Log in with the above credentials, and you will be greeted by the ARM dashboard. Go to settings to verify the drive is connected. You can burn movies at this state if you have verified that the drive is in the settings. However, if you want ARM to identify the movie you are ripping, you will need to do one more thing.
Automatically Identifying Movies
There is a "free" (limit of 1000 per day) service ARM uses to get information on what movie is being ripped, called OMDb, that contains information on tons of movies. By acquiring access to the service and using the key from the service you will also get the movie data embedded when you rip!
OMDb signup is located here, and you just have to click Free and insert the required fields. You can say for "Use": "Automatic metadata lookups for ripping movies" or something similar. In your email, you should get the key, and we will SSH into your server and edit the config file with this command:
sed -i 's/^OMDB_API_KEY: ""/OMDB_API_KEY: "APIKEYGOESHERE"/' config.yaml
Now we need to restart the application with this command: sudo docker restart arm-rippers
. You should be able to put a disk in and go to http ://<IP_OF_MACHINE>:8080 again and go to settings on your primary computer and see if the movies show up. It should! Rips eat a lot of storage, so make sure you have external drives at the ready
Now you are ready to start preserving your library automatically. After a rip is done, the tray will eject, and you can just cycle through. However, if you want to have a bit more peace of mind, you can back up your configuration and media.
Backup & Restore
Backups can help protect your configuration and media in case of an emergency, so restoration makes it feel like nothing ever happened. You will need to back up your configuration and media. I recommend backing them up separately (different drives). The only thing of note is that the movies you backup will take a LOT of space (1 4k rip = ~100GB), so make sure you have a lot of external or NAS storage.
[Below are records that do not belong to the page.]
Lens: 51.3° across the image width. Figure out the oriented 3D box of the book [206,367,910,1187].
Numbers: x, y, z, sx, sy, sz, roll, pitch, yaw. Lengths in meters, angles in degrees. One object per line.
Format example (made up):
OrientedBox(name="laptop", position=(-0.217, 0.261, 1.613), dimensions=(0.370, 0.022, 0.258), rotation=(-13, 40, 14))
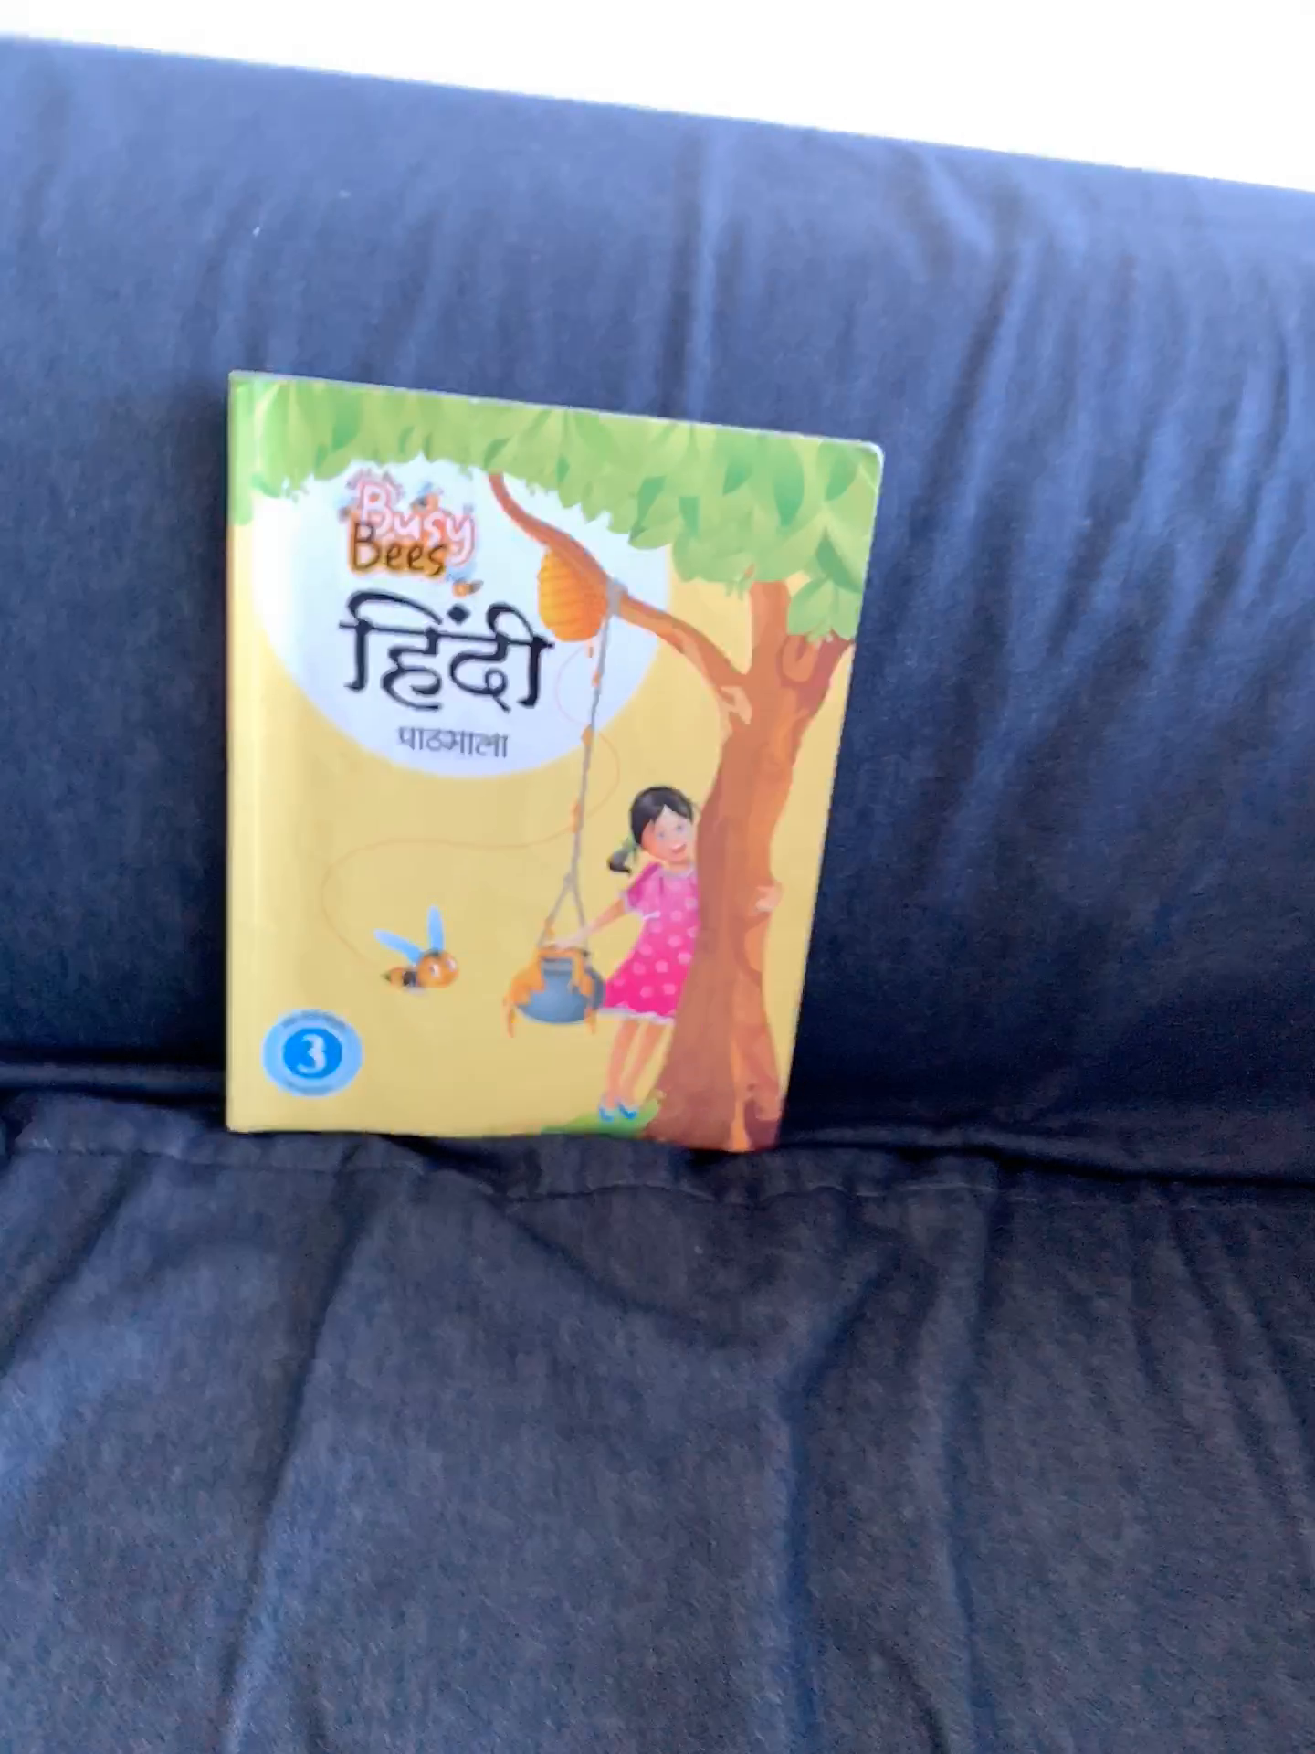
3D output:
OrientedBox(name="book", position=(-0.046, -0.025, 0.505), dimensions=(0.230, 0.284, 0.029), rotation=(5, 18, -4))

I won't introduce the whole process here, but for both your config and media, you want to follow: 3-2-1. A process where you have three copies of data, on two different types of media, one off-site (cloud or physically not where other copies are). The "configuration" for the app is located in /home/arm/db
, /home/arm/config/
,/home/arm/logs
, and /home/arm/start_arm_container.sh
. The media is /home/arm/media
and /home/arm/music
.
All you would need to do is connect an external hard drive to the server, copy the files to the hard drive, and it is highly recommended to back up to a cloud service as well to satisfy 3-2-1.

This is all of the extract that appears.